0
0
ElasticsearchHow-ToIntermediate · 4 min read

How to Use Point in Time for Pagination in Elasticsearch

Use point_in_time (PIT) in Elasticsearch to create a consistent snapshot of your data for pagination. Open a PIT with POST /_search/point_in_time, then use the returned pit_id in your search queries with search_after to paginate reliably without missing or duplicating results.
📐

Syntax

The basic syntax involves three parts:

  • Open a PIT: Request a point in time snapshot to get a pit_id.
  • Search with PIT: Use the pit_id in your search query along with search_after for pagination.
  • Close the PIT: Optionally close the PIT to free resources.

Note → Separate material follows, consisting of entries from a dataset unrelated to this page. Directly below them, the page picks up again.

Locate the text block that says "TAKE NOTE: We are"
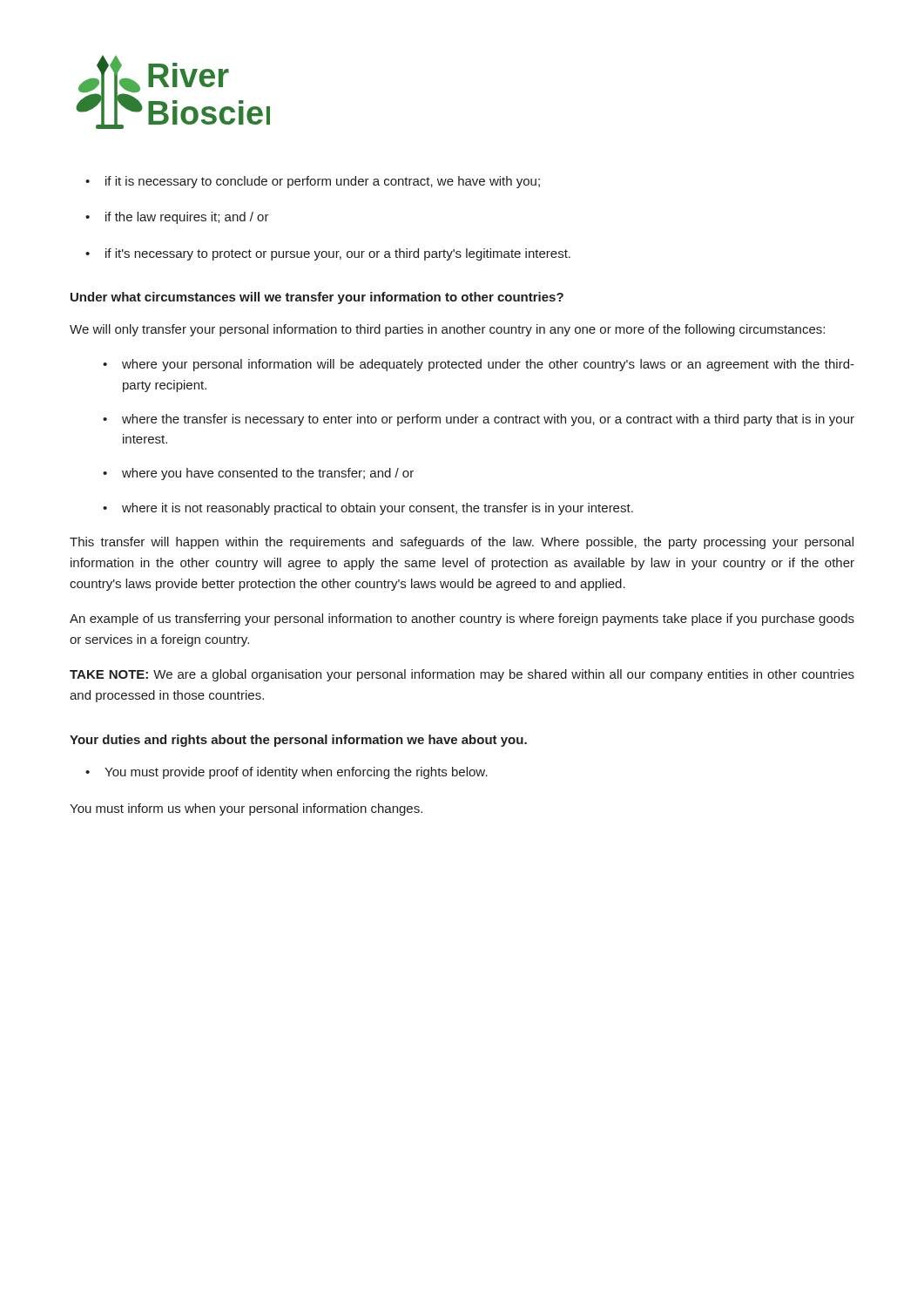This screenshot has height=1307, width=924. click(x=462, y=684)
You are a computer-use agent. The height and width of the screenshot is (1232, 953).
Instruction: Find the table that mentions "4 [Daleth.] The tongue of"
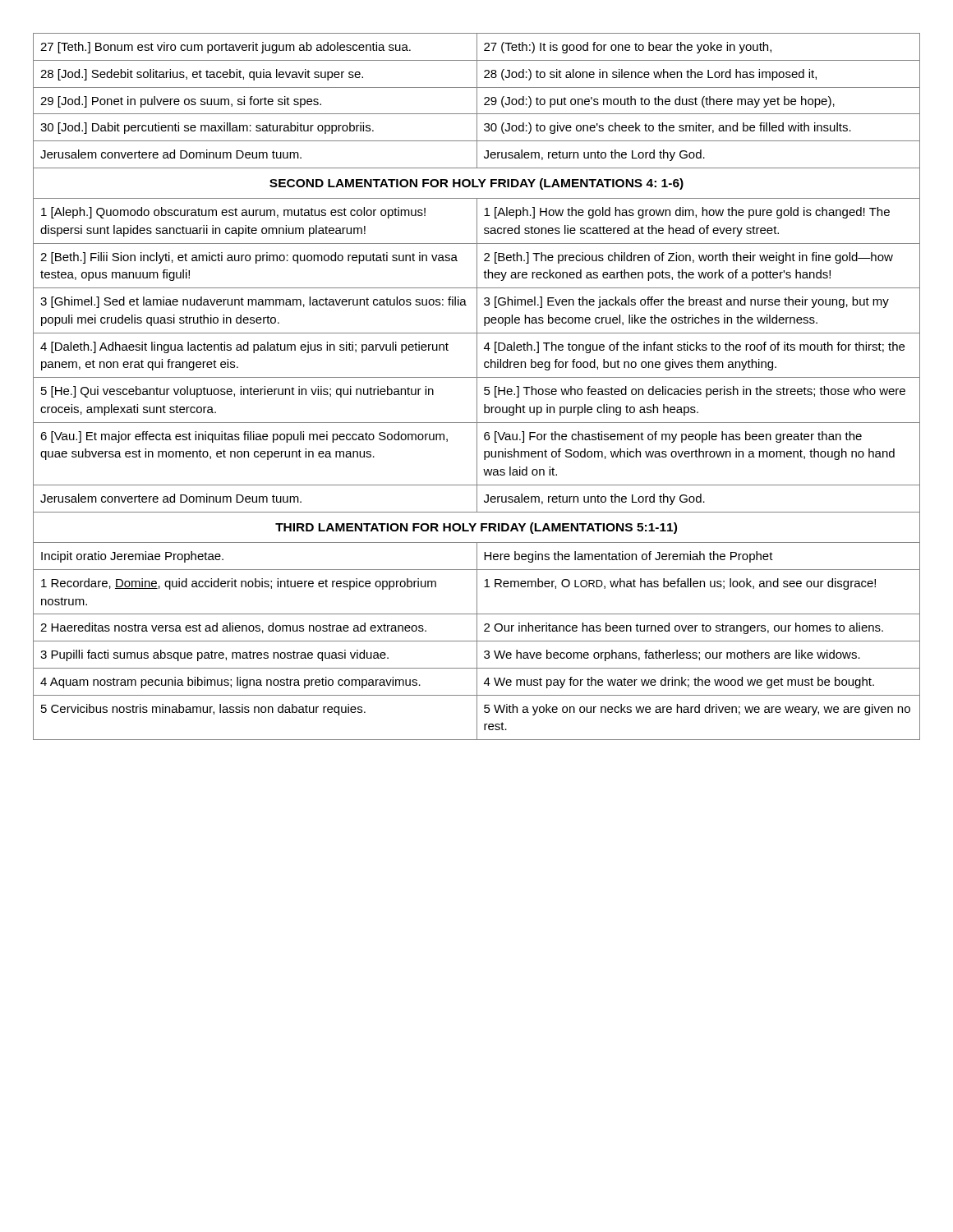(x=476, y=387)
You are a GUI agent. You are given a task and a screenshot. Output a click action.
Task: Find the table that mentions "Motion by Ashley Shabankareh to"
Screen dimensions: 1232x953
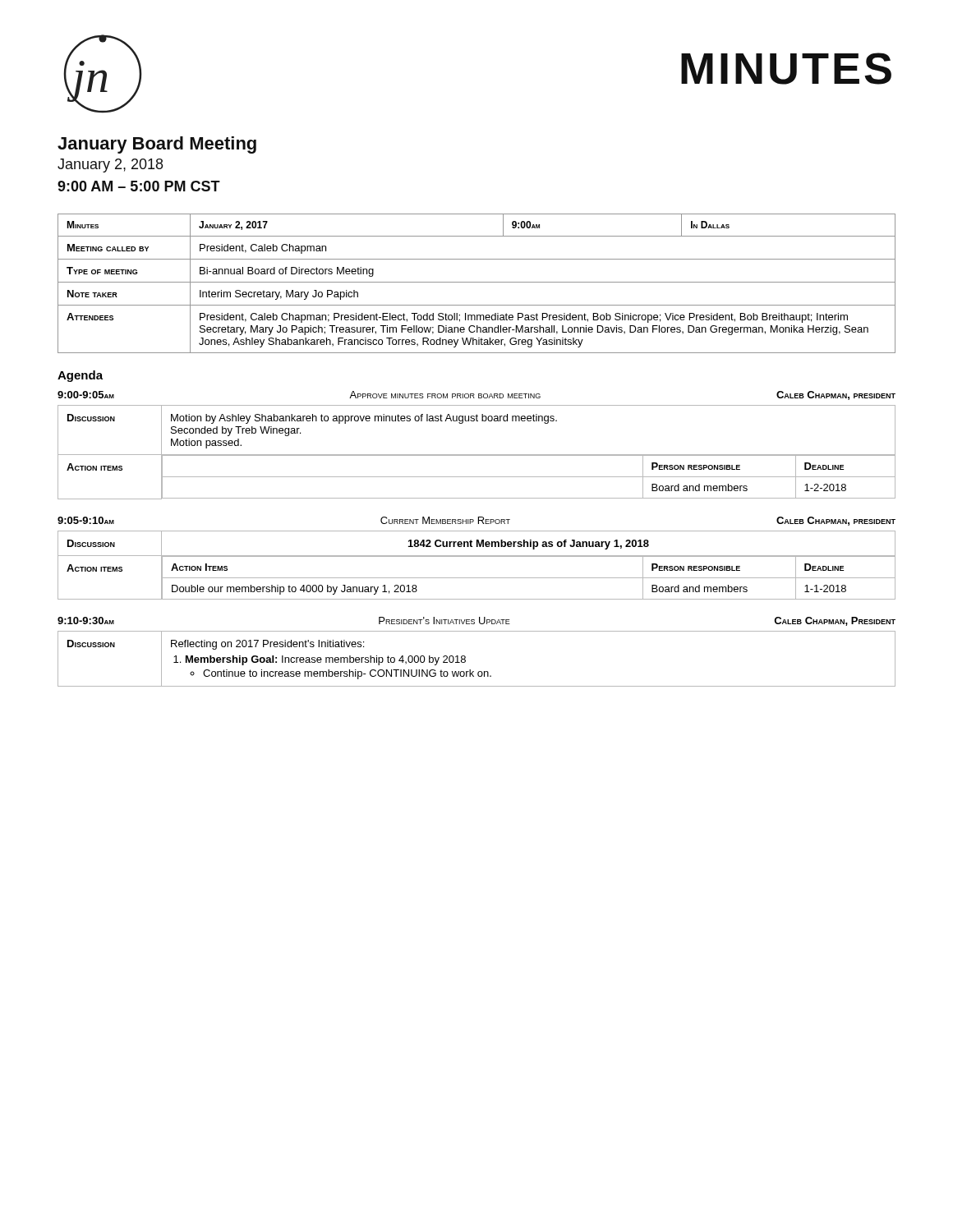tap(476, 452)
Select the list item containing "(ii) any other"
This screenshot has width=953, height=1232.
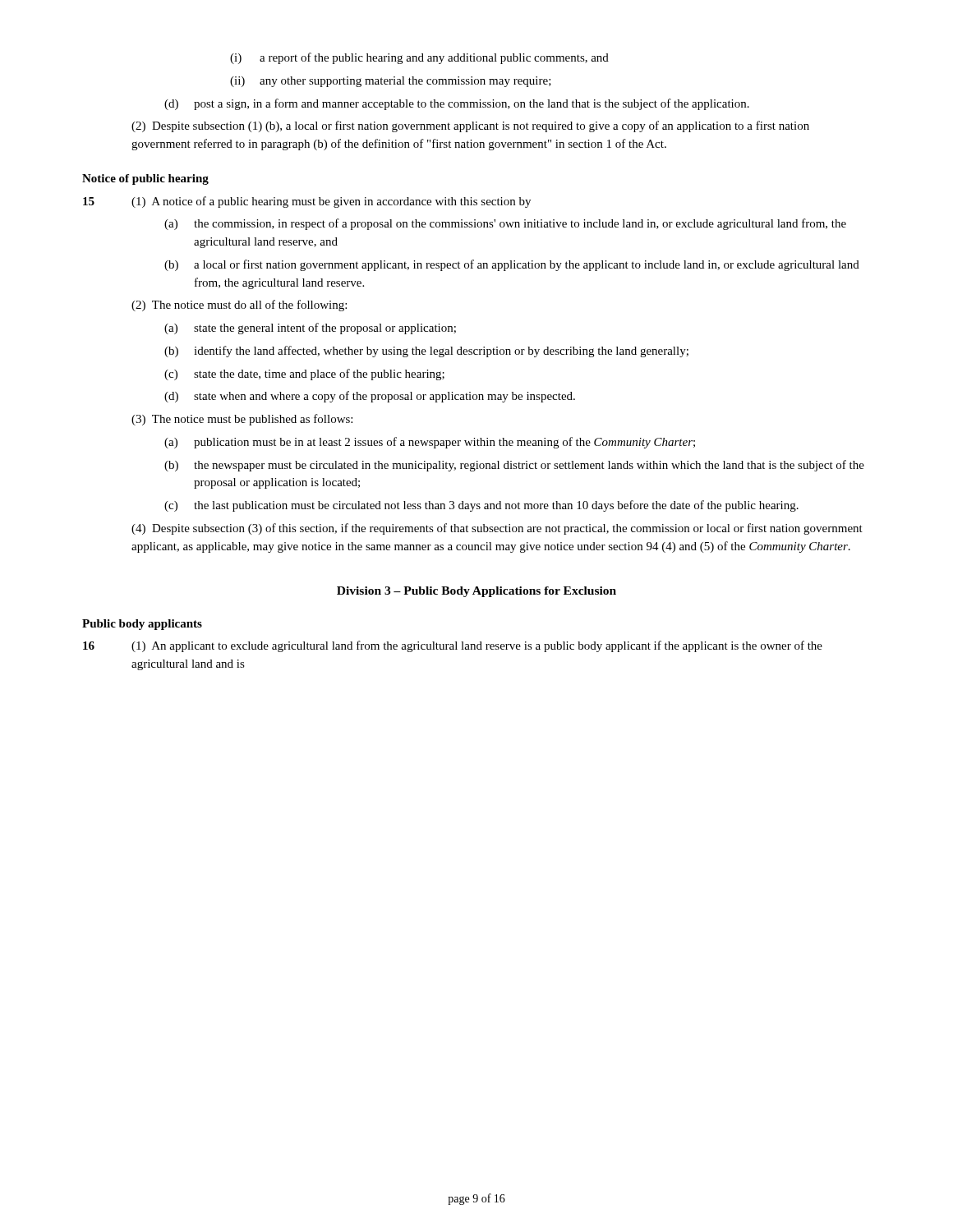550,81
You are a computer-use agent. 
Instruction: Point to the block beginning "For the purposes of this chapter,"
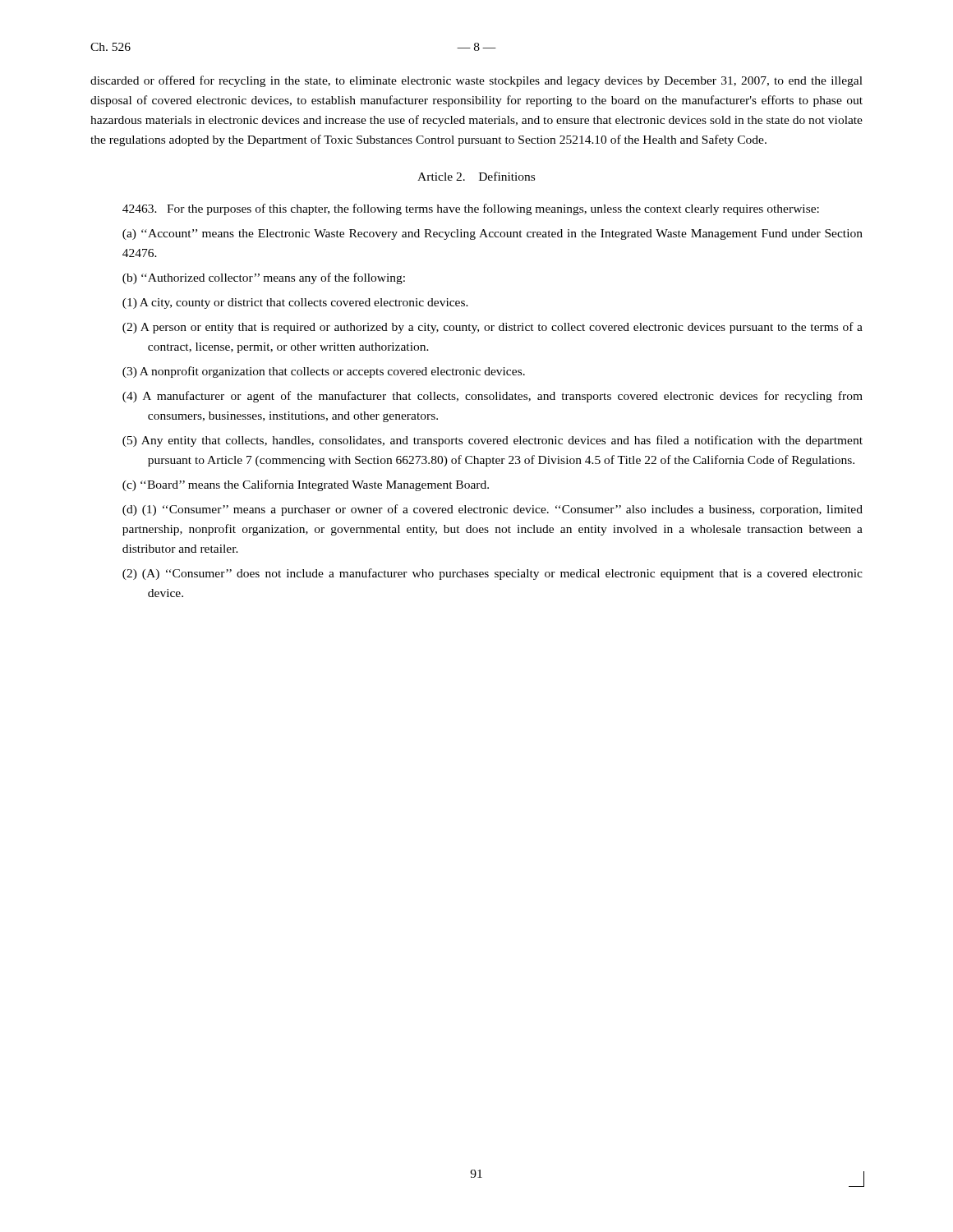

This keeps your pagination consistent even if data changes during navigation.

json
POST /_search/point_in_time
{
  "index": "your-index-name",
  "keep_alive": "1m"
}

POST /your-index-name/_search
{
  "size": 10,
  "pit": {
    "id": "<pit_id_from_previous_response>",
    "keep_alive": "1m"
  },
  "search_after": ["<sort_value_from_last_hit>"],
  "sort": [
    {"timestamp": "asc"},
    {"_shard_doc": "asc"}
  ]
}

DELETE /_search/point_in_time
{
  "id": "<pit_id>"
}
💻

Example

This example shows how to open a PIT, perform a paginated search using search_after, and then close the PIT.

json
POST /_search/point_in_time
{
  "index": "products",
  "keep_alive": "2m"
}

# Response:
# {
#   "pit_id": "DXF1ZXJ5QW5kRmV0Y2gBAAAAAAA..."
# }

POST /products/_search
{
  "size": 5,
  "pit": {
    "id": "DXF1ZXJ5QW5kRmV0Y2gBAAAAAAA...",
    "keep_alive": "2m"
  },
  "sort": [
    {"price": "asc"},
    {"_shard_doc": "asc"}
  ]
}

# Assume last hit sort values: [19.99, 12345]

POST /products/_search
{
  "size": 5,
  "pit": {
    "id": "DXF1ZXJ5QW5kRmV0Y2gBAAAAAAA...",
    "keep_alive": "2m"
  },
  "search_after": [19.99, 12345],
  "sort": [
    {"price": "asc"},
    {"_shard_doc": "asc"}
  ]
}

DELETE /_search/point_in_time
{
  "id": "DXF1ZXJ5QW5kRmV0Y2gBAAAAAAA..."
}
Output
{ "pit_id": "DXF1ZXJ5QW5kRmV0Y2gBAAAAAAA..." } { "hits": { "hits": [ {"_id": "1", "sort": [9.99, 10001]}, {"_id": "2", "sort": [14.99, 10002]}, {"_id": "3", "sort": [19.99, 12345]}, {"_id": "4", "sort": [24.99, 10004]}, {"_id": "5", "sort": [29.99, 10005]} ] } }
⚠️

Common Pitfalls

  • Not using search_after with PIT: This causes repeated results or missing pages.
  • Not sorting on unique fields: Always include a tiebreaker like _shard_doc to ensure stable sorting.
  • Forgetting to keep PIT alive: PIT expires after keep_alive time; extend it if pagination takes longer.
  • Not closing PIT: While optional, closing PIT frees cluster resources.
json
POST /products/_search
{
  "size": 5,
  "pit": {
    "id": "DXF1ZXJ5QW5kRmV0Y2gBAAAAAAA...",
    "keep_alive": "1m"
  },
  "sort": [
    {"price": "asc"}
  ]
  # Missing _shard_doc as tiebreaker
}

# Right way:
POST /products/_search
{
  "size": 5,
  "pit": {
    "id": "DXF1ZXJ5QW5kRmV0Y2gBAAAAAAA...",
    "keep_alive": "1m"
  },
  "sort": [
    {"price": "asc"},
    {"_shard_doc": "asc"}
  ]
}
📊

Quick Reference

Point in Time (PIT) Pagination Cheat Sheet:

StepActionNotes
1Open PITUse POST /_search/point_in_time with index and keep_alive
2Search with PITInclude pit_id and search_after with stable sort
3PaginateUse last hit's sort values in search_after
4Close PITOptional but recommended to free resources
StepActionNotes
1Open PITUse POST /_search/point_in_time with index and keep_alive
2Search with PITInclude pit_id and search_after with stable sort
3PaginateUse last hit's sort values in search_after
4Close PITOptional but recommended to free resources

Key Takeaways

Use point in time (PIT) to get a consistent snapshot for pagination in Elasticsearch.
Always combine PIT with search_after and a stable sort including a tiebreaker like _shard_doc.
Set and extend keep_alive to keep the PIT valid during pagination.
Close the PIT when done to free cluster resources.
Avoid using from/size for deep pagination; PIT with search_after is more efficient.